To say that gold has had a hard time of late might be one of the year’s biggest understatements. Demand and value have fallen to such an extent that gold plummeted to a five year low during July 2015. So are the heady prices achieved in 2011 no more than a distant memory, or should we live in hope of gold’s return to its former glory?

Nikolas Xenofontos, Director of Risk Management of leading online trading services provider easy-forex, believes that gold has the potential to make a comeback in 2016. He explains:

“The price of gold is impacted by so many factors that it’s far from easy to assess where it might be headed, but there are certainly some positive indications that could mean a resurgence in both demand and value over the next year, particularly during the latter part of the year.”

In fact, gold prices are so tough to call at the moment that even hedge fund managers are “posting a track record no better than a coin flip when it comes to betting on the metal,” according to Bloomberg.

Throughout the 1980s and 1990s, gold prices remained relatively stable, fluctuating between US$300 and US$500 per ounce. A dip in the early 2000s then made way for a staggering rise in value. As the rest of the world focused on the housing market crash and whole nations’ economies became unsustainable, gold prices seemed on an endless upward trajectory, thanks to the precious metal’s reputation as a safe haven during difficult times.

Of course, what goes up must come down and since peaking at more than US$1,900 per ounce in August 2011, gold’s value has reduced considerably. In early November 2015, it dropped below US$1,100 per ounce.

“The prospect of a US rate increase is keeping gold prices down right now,” continues easy-forex’s Nikolas Xenofontos, “but we’ve also seen other factors impacting on gold’s value. The driest monsoon season in six years, for example, has led to plummeting demand in India compared with previous years.”

Gold sales in India usually boom during Diwali, but with rural farmers accounting for around 60% of consumption, the lack of rain and its impact on the country’s crops has led to a steep downturn in demand compared with years when agriculture has boomed. According to the Times of India, the state of Gujarat, for example, saw gold imports fall by 87% in October 2015, compared with a year earlier.

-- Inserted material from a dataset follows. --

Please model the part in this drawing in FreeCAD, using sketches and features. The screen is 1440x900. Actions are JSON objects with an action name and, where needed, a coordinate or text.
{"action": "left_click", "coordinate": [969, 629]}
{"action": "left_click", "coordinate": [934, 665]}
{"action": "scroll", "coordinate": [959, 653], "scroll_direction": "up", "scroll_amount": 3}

The result of these and a myriad of other factors is that now doesn’t look like the most attractive time to buy gold – or, indeed, to sell it. So could that change over the course of 2016?

It’s certainly a possibility. While the US economy is broadly back on track, global financial uncertainties continue and the impact of the death of the BRICs (Brazil, Russia, India and China, and belatedly South Africa) is yet to be fully felt. Just as the housing crisis in the US triggered a global financial crisis, if the BRICs come crashing down in tandem over the remainder of the 2010s, the shockwaves will reverberate around the world. And where economic uncertainty builds, so too does the price of gold.

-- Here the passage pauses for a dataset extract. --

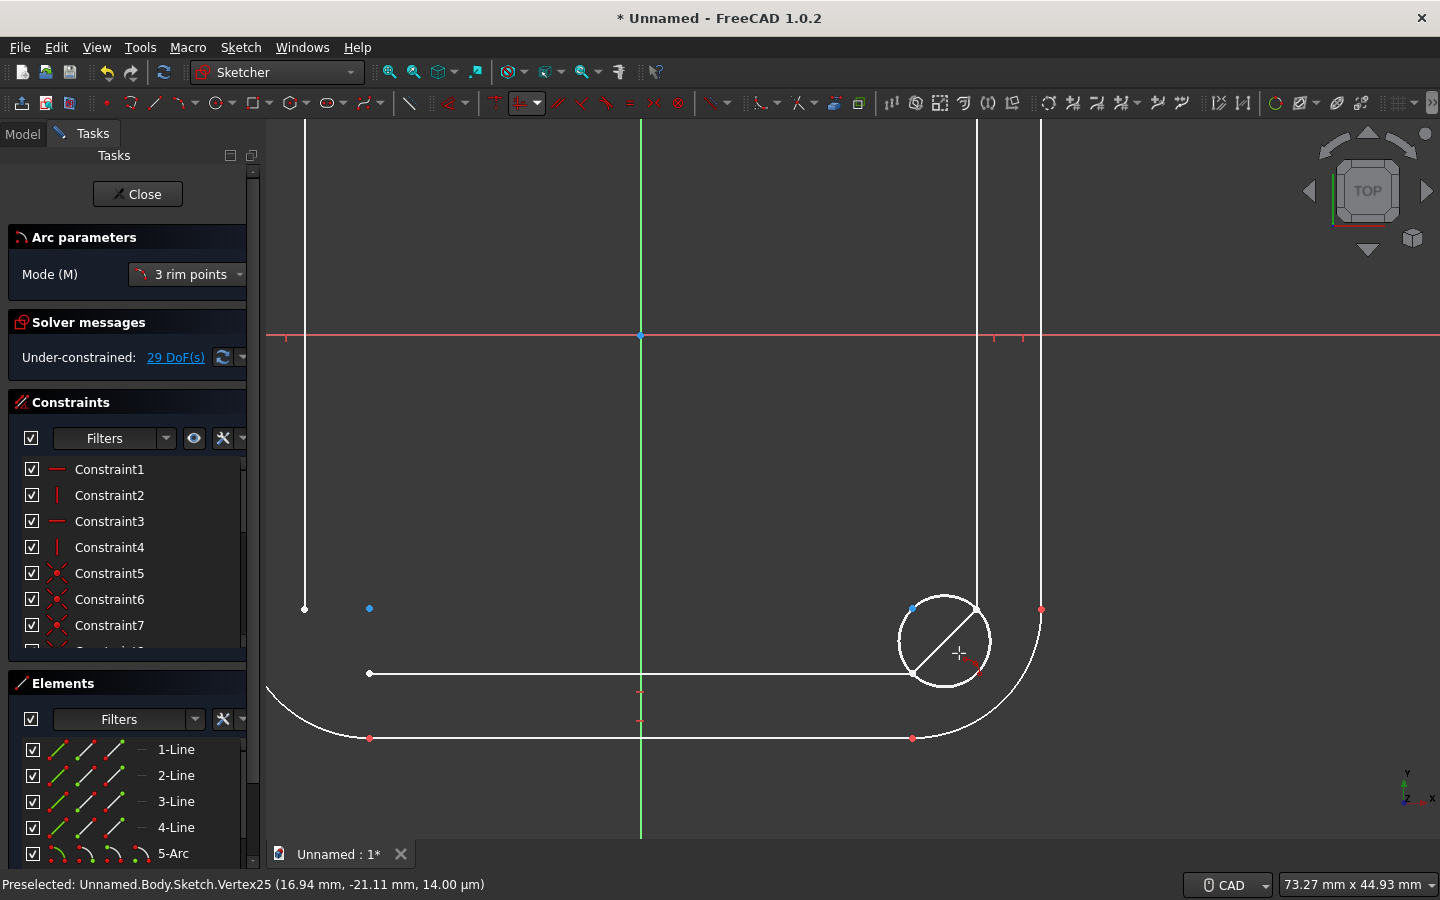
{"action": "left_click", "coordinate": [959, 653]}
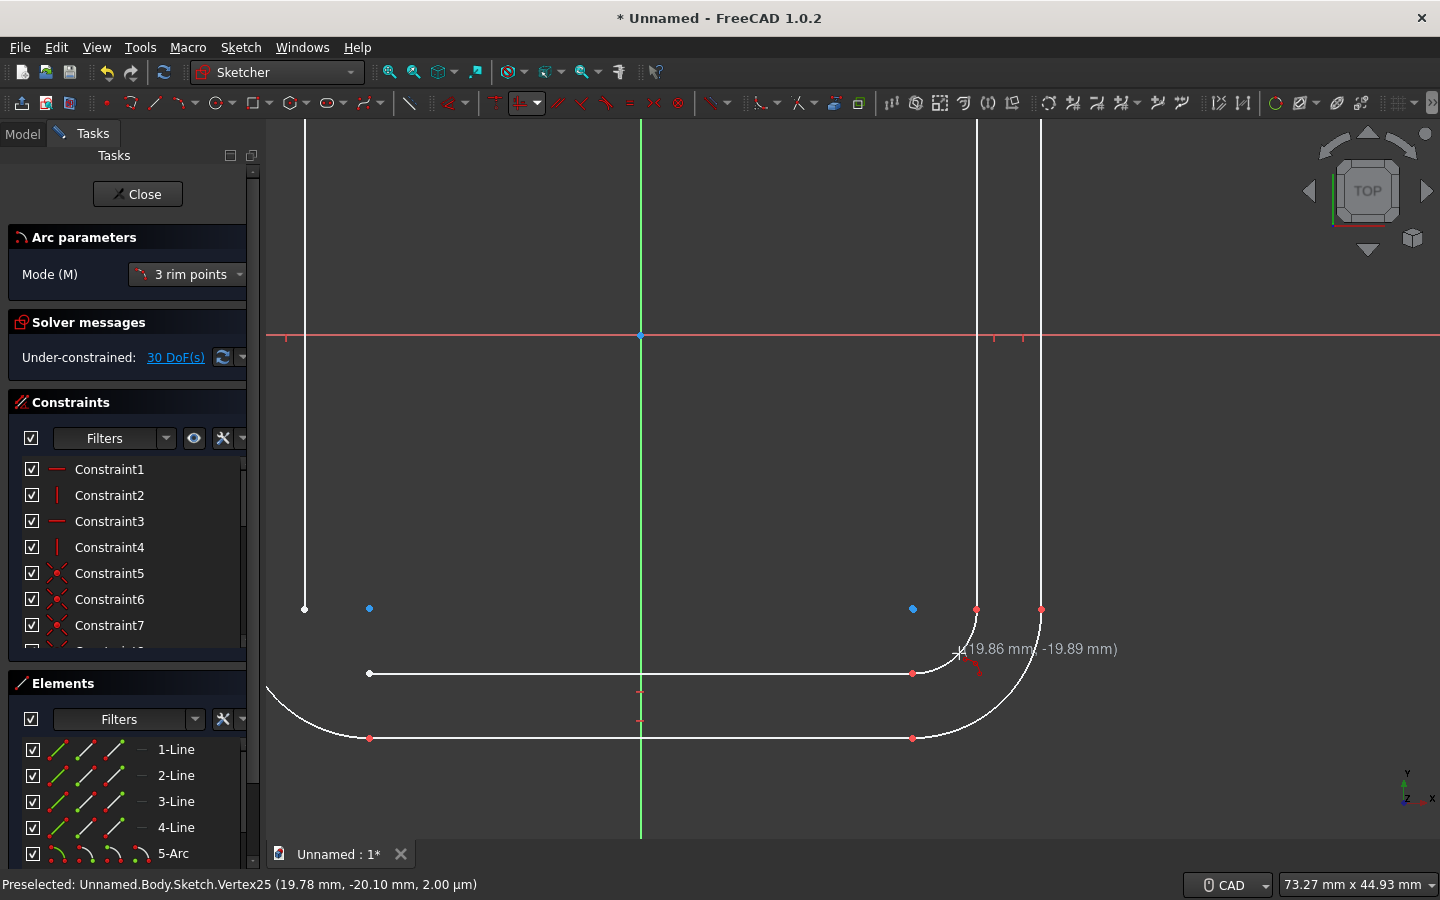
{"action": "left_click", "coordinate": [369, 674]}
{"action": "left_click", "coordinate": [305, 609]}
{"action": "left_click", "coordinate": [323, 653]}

“2016 is going to be a key year for gold prices,” concludes easy-forex’s Nikolas Xenofontos. “I wouldn’t rule out prices dropping to US$1,000 per ounce, but I also believe there’s a real chance that gold might rally during the second half of the year as a result of a range of global factors.

“American gold futures speculators have dominated during 2015, but investors could change the story considerably in the coming year. Gold is certainly one commodity to keep a very close eye on over the weeks and months ahead.”